Top of Records

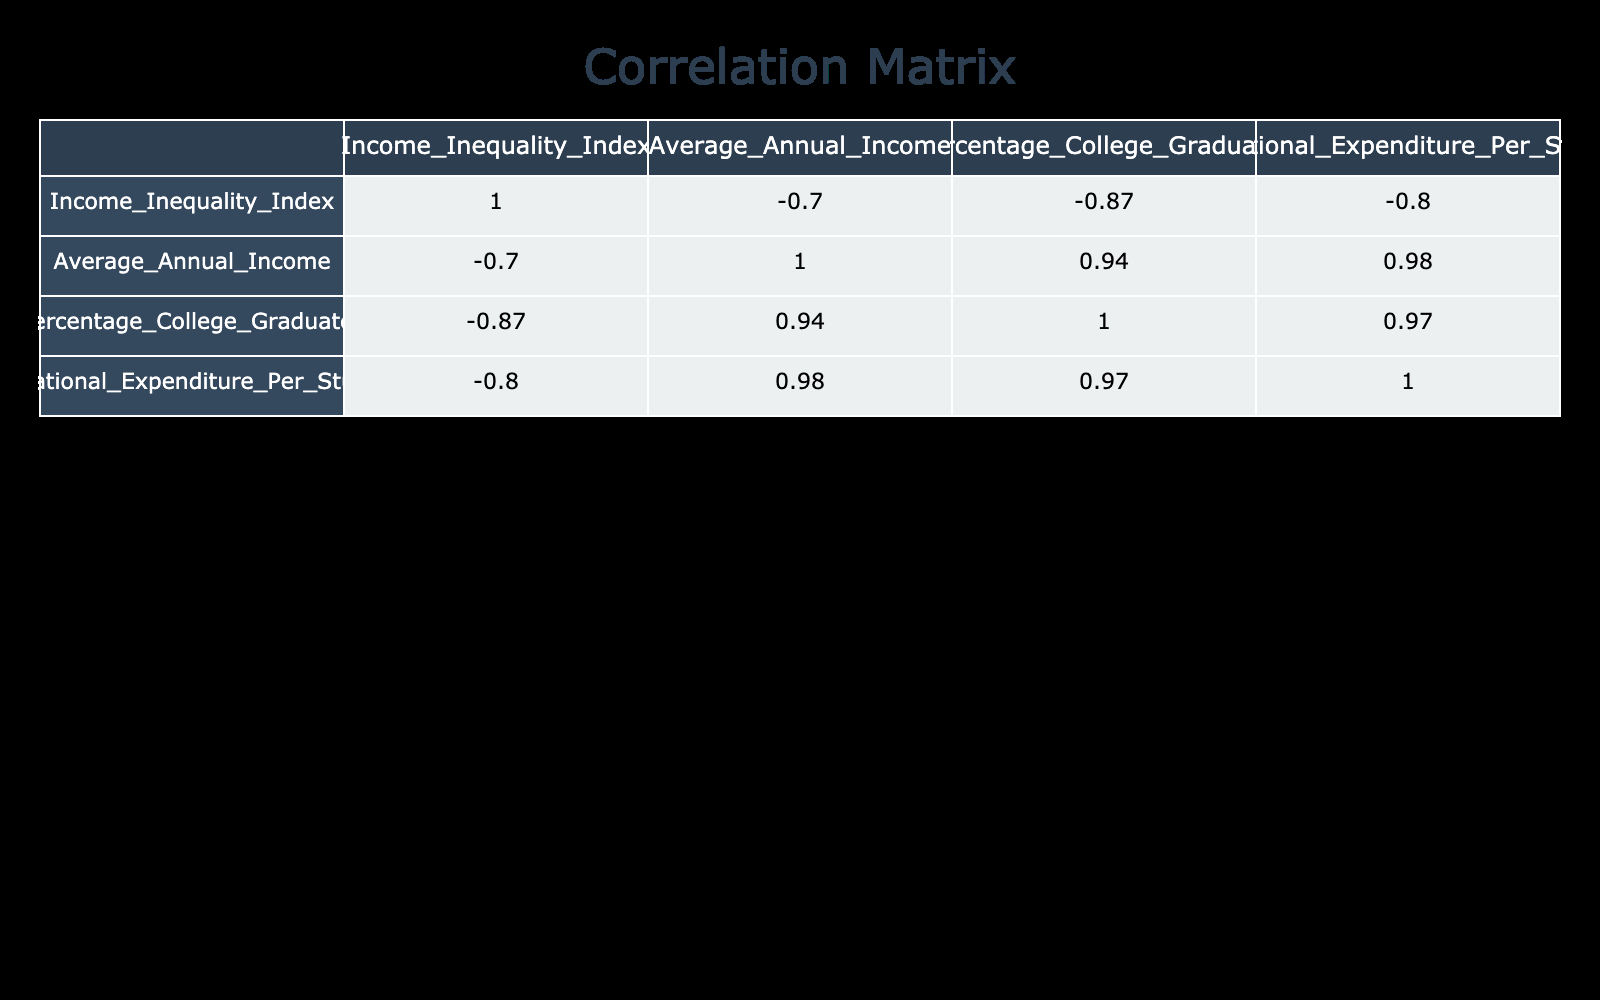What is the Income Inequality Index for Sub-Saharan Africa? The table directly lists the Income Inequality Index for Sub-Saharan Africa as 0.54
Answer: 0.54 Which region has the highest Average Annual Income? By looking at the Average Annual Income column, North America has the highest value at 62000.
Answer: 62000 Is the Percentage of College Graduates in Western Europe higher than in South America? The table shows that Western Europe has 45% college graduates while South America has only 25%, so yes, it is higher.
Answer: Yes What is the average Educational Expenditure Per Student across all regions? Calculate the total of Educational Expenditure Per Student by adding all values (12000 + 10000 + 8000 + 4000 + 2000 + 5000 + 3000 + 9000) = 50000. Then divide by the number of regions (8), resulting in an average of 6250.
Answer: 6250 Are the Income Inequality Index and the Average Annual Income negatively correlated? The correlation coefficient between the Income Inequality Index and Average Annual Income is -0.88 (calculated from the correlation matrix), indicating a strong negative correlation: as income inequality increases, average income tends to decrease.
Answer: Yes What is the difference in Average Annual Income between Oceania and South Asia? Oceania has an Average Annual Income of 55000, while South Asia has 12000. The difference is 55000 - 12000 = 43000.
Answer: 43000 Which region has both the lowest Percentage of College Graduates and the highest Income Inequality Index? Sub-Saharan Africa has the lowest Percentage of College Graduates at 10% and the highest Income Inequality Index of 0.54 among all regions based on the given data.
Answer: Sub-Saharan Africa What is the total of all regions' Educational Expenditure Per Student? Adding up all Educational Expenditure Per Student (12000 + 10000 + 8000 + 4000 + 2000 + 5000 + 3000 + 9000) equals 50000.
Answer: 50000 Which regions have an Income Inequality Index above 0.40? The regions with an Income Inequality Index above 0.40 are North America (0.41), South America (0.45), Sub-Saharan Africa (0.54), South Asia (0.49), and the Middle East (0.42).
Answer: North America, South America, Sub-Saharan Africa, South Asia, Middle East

Bottom of Records

Problem details:
When you copy the records above, keep every word exact and leave out the pictures they contain.

Answer section:
What is the Income Inequality Index for Sub-Saharan Africa? The table directly lists the Income Inequality Index for Sub-Saharan Africa as 0.54
Answer: 0.54 Which region has the highest Average Annual Income? By looking at the Average Annual Income column, North America has the highest value at 62000.
Answer: 62000 Is the Percentage of College Graduates in Western Europe higher than in South America? The table shows that Western Europe has 45% college graduates while South America has only 25%, so yes, it is higher.
Answer: Yes What is the average Educational Expenditure Per Student across all regions? Calculate the total of Educational Expenditure Per Student by adding all values (12000 + 10000 + 8000 + 4000 + 2000 + 5000 + 3000 + 9000) = 50000. Then divide by the number of regions (8), resulting in an average of 6250.
Answer: 6250 Are the Income Inequality Index and the Average Annual Income negatively correlated? The correlation coefficient between the Income Inequality Index and Average Annual Income is -0.88 (calculated from the correlation matrix), indicating a strong negative correlation: as income inequality increases, average income tends to decrease.
Answer: Yes What is the difference in Average Annual Income between Oceania and South Asia? Oceania has an Average Annual Income of 55000, while South Asia has 12000. The difference is 55000 - 12000 = 43000.
Answer: 43000 Which region has both the lowest Percentage of College Graduates and the highest Income Inequality Index? Sub-Saharan Africa has the lowest Percentage of College Graduates at 10% and the highest Income Inequality Index of 0.54 among all regions based on the given data.
Answer: Sub-Saharan Africa What is the total of all regions' Educational Expenditure Per Student? Adding up all Educational Expenditure Per Student (12000 + 10000 + 8000 + 4000 + 2000 + 5000 + 3000 + 9000) equals 50000.
Answer: 50000 Which regions have an Income Inequality Index above 0.40? The regions with an Income Inequality Index above 0.40 are North America (0.41), South America (0.45), Sub-Saharan Africa (0.54), South Asia (0.49), and the Middle East (0.42).
Answer: North America, South America, Sub-Saharan Africa, South Asia, Middle East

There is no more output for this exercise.